[Records excerpted from a collection]
:::::

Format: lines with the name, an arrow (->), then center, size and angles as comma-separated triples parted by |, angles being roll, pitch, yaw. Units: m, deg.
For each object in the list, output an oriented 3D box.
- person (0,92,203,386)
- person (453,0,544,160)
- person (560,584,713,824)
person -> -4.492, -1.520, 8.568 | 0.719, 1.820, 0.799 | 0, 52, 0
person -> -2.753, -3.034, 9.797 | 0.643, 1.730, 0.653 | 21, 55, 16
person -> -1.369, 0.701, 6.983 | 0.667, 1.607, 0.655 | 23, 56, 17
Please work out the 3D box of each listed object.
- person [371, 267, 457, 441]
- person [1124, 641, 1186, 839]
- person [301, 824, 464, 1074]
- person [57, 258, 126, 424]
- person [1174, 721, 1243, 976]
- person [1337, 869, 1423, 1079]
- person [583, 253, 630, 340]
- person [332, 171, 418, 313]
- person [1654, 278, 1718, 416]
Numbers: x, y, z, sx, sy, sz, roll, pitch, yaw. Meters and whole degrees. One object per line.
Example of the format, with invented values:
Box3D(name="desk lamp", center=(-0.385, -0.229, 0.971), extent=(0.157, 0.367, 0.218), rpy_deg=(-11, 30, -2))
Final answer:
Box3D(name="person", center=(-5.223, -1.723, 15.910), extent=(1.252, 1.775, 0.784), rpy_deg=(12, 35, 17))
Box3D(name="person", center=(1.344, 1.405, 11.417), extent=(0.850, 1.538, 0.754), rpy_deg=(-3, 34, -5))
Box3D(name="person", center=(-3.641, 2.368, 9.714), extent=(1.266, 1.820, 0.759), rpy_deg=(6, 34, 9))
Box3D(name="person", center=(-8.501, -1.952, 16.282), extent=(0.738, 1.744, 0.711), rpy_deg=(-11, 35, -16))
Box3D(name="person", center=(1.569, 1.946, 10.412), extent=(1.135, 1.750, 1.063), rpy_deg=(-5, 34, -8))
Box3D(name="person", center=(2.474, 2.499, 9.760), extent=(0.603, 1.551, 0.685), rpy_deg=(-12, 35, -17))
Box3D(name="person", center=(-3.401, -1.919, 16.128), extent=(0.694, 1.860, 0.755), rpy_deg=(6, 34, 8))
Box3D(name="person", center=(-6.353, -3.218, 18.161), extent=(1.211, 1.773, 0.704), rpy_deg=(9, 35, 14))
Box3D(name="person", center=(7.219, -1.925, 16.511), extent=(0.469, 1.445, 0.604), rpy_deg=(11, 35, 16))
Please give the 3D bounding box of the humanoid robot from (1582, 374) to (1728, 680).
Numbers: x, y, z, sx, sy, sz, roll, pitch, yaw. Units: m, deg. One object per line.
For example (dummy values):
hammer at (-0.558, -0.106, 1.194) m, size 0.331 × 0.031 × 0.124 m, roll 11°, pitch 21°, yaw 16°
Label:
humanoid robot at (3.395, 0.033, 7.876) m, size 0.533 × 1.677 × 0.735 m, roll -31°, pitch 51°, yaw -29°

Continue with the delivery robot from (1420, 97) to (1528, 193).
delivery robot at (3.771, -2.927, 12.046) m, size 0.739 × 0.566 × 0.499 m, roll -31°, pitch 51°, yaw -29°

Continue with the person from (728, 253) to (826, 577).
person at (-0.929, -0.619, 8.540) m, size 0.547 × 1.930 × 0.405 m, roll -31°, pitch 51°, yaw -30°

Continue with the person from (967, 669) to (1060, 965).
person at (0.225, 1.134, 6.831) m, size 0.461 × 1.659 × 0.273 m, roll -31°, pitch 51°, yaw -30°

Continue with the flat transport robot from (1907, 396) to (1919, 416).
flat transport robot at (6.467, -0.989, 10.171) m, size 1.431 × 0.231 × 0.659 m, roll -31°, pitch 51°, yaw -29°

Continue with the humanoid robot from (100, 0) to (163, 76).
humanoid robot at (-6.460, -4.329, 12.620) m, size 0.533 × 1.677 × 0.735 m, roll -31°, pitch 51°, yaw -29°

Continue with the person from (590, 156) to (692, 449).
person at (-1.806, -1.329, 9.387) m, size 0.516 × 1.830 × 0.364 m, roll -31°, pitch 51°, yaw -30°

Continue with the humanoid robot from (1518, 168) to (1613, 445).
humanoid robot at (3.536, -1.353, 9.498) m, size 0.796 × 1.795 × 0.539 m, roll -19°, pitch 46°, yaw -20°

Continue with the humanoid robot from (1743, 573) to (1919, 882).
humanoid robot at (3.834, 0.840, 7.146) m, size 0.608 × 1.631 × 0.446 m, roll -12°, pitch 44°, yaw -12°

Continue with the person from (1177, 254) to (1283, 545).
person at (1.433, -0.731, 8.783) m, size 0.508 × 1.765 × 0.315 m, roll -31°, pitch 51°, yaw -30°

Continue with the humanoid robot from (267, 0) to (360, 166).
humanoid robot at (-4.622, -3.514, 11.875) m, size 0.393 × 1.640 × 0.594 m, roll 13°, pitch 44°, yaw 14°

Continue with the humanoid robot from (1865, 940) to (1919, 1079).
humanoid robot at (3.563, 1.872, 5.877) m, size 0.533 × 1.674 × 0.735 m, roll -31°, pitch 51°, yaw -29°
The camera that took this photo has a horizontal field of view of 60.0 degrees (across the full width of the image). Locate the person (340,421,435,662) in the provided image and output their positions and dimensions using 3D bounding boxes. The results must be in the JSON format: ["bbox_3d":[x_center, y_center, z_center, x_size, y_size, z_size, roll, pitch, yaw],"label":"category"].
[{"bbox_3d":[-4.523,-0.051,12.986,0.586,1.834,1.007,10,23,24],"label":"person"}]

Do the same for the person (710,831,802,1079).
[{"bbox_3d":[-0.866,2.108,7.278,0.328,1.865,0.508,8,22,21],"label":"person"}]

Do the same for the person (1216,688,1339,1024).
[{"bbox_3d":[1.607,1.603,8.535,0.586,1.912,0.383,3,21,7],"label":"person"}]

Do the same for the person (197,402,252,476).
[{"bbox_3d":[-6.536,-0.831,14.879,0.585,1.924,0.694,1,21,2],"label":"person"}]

:::::

### WHAT THE EXERCISE ASKS
An exact repetition of all the records above is required.

### RESPONSE FOR THIS EXERCISE
Format: lines with the name, an arrow (->), then center, size and angles as comma-separated triples parted by |, angles being roll, pitch, yaw. Units: m, deg.
For each object in the list, output an oriented 3D box.
- person (0,92,203,386)
- person (453,0,544,160)
- person (560,584,713,824)
person -> -4.492, -1.520, 8.568 | 0.719, 1.820, 0.799 | 0, 52, 0
person -> -2.753, -3.034, 9.797 | 0.643, 1.730, 0.653 | 21, 55, 16
person -> -1.369, 0.701, 6.983 | 0.667, 1.607, 0.655 | 23, 56, 17
Please work out the 3D box of each listed object.
- person [371, 267, 457, 441]
- person [1124, 641, 1186, 839]
- person [301, 824, 464, 1074]
- person [57, 258, 126, 424]
- person [1174, 721, 1243, 976]
- person [1337, 869, 1423, 1079]
- person [583, 253, 630, 340]
- person [332, 171, 418, 313]
- person [1654, 278, 1718, 416]
Numbers: x, y, z, sx, sy, sz, roll, pitch, yaw. Meters and whole degrees. One object per line.
Example of the format, with invented values:
Box3D(name="desk lamp", center=(-0.385, -0.229, 0.971), extent=(0.157, 0.367, 0.218), rpy_deg=(-11, 30, -2))
Final answer:
Box3D(name="person", center=(-5.223, -1.723, 15.910), extent=(1.252, 1.775, 0.784), rpy_deg=(12, 35, 17))
Box3D(name="person", center=(1.344, 1.405, 11.417), extent=(0.850, 1.538, 0.754), rpy_deg=(-3, 34, -5))
Box3D(name="person", center=(-3.641, 2.368, 9.714), extent=(1.266, 1.820, 0.759), rpy_deg=(6, 34, 9))
Box3D(name="person", center=(-8.501, -1.952, 16.282), extent=(0.738, 1.744, 0.711), rpy_deg=(-11, 35, -16))
Box3D(name="person", center=(1.569, 1.946, 10.412), extent=(1.135, 1.750, 1.063), rpy_deg=(-5, 34, -8))
Box3D(name="person", center=(2.474, 2.499, 9.760), extent=(0.603, 1.551, 0.685), rpy_deg=(-12, 35, -17))
Box3D(name="person", center=(-3.401, -1.919, 16.128), extent=(0.694, 1.860, 0.755), rpy_deg=(6, 34, 8))
Box3D(name="person", center=(-6.353, -3.218, 18.161), extent=(1.211, 1.773, 0.704), rpy_deg=(9, 35, 14))
Box3D(name="person", center=(7.219, -1.925, 16.511), extent=(0.469, 1.445, 0.604), rpy_deg=(11, 35, 16))
Please give the 3D bounding box of the humanoid robot from (1582, 374) to (1728, 680).
Numbers: x, y, z, sx, sy, sz, roll, pitch, yaw. Units: m, deg. One object per line.
For example (dummy values):
hammer at (-0.558, -0.106, 1.194) m, size 0.331 × 0.031 × 0.124 m, roll 11°, pitch 21°, yaw 16°
Label:
humanoid robot at (3.395, 0.033, 7.876) m, size 0.533 × 1.677 × 0.735 m, roll -31°, pitch 51°, yaw -29°

Continue with the delivery robot from (1420, 97) to (1528, 193).
delivery robot at (3.771, -2.927, 12.046) m, size 0.739 × 0.566 × 0.499 m, roll -31°, pitch 51°, yaw -29°

Continue with the person from (728, 253) to (826, 577).
person at (-0.929, -0.619, 8.540) m, size 0.547 × 1.930 × 0.405 m, roll -31°, pitch 51°, yaw -30°

Continue with the person from (967, 669) to (1060, 965).
person at (0.225, 1.134, 6.831) m, size 0.461 × 1.659 × 0.273 m, roll -31°, pitch 51°, yaw -30°

Continue with the flat transport robot from (1907, 396) to (1919, 416).
flat transport robot at (6.467, -0.989, 10.171) m, size 1.431 × 0.231 × 0.659 m, roll -31°, pitch 51°, yaw -29°

Continue with the humanoid robot from (100, 0) to (163, 76).
humanoid robot at (-6.460, -4.329, 12.620) m, size 0.533 × 1.677 × 0.735 m, roll -31°, pitch 51°, yaw -29°

Continue with the person from (590, 156) to (692, 449).
person at (-1.806, -1.329, 9.387) m, size 0.516 × 1.830 × 0.364 m, roll -31°, pitch 51°, yaw -30°

Continue with the humanoid robot from (1518, 168) to (1613, 445).
humanoid robot at (3.536, -1.353, 9.498) m, size 0.796 × 1.795 × 0.539 m, roll -19°, pitch 46°, yaw -20°

Continue with the humanoid robot from (1743, 573) to (1919, 882).
humanoid robot at (3.834, 0.840, 7.146) m, size 0.608 × 1.631 × 0.446 m, roll -12°, pitch 44°, yaw -12°

Continue with the person from (1177, 254) to (1283, 545).
person at (1.433, -0.731, 8.783) m, size 0.508 × 1.765 × 0.315 m, roll -31°, pitch 51°, yaw -30°

Continue with the humanoid robot from (267, 0) to (360, 166).
humanoid robot at (-4.622, -3.514, 11.875) m, size 0.393 × 1.640 × 0.594 m, roll 13°, pitch 44°, yaw 14°

Continue with the humanoid robot from (1865, 940) to (1919, 1079).
humanoid robot at (3.563, 1.872, 5.877) m, size 0.533 × 1.674 × 0.735 m, roll -31°, pitch 51°, yaw -29°
The camera that took this photo has a horizontal field of view of 60.0 degrees (across the full width of the image). Locate the person (340,421,435,662) in the provided image and output their positions and dimensions using 3D bounding boxes. The results must be in the JSON format: ["bbox_3d":[x_center, y_center, z_center, x_size, y_size, z_size, roll, pitch, yaw],"label":"category"].
[{"bbox_3d":[-4.523,-0.051,12.986,0.586,1.834,1.007,10,23,24],"label":"person"}]

Do the same for the person (710,831,802,1079).
[{"bbox_3d":[-0.866,2.108,7.278,0.328,1.865,0.508,8,22,21],"label":"person"}]

Do the same for the person (1216,688,1339,1024).
[{"bbox_3d":[1.607,1.603,8.535,0.586,1.912,0.383,3,21,7],"label":"person"}]

Do the same for the person (197,402,252,476).
[{"bbox_3d":[-6.536,-0.831,14.879,0.585,1.924,0.694,1,21,2],"label":"person"}]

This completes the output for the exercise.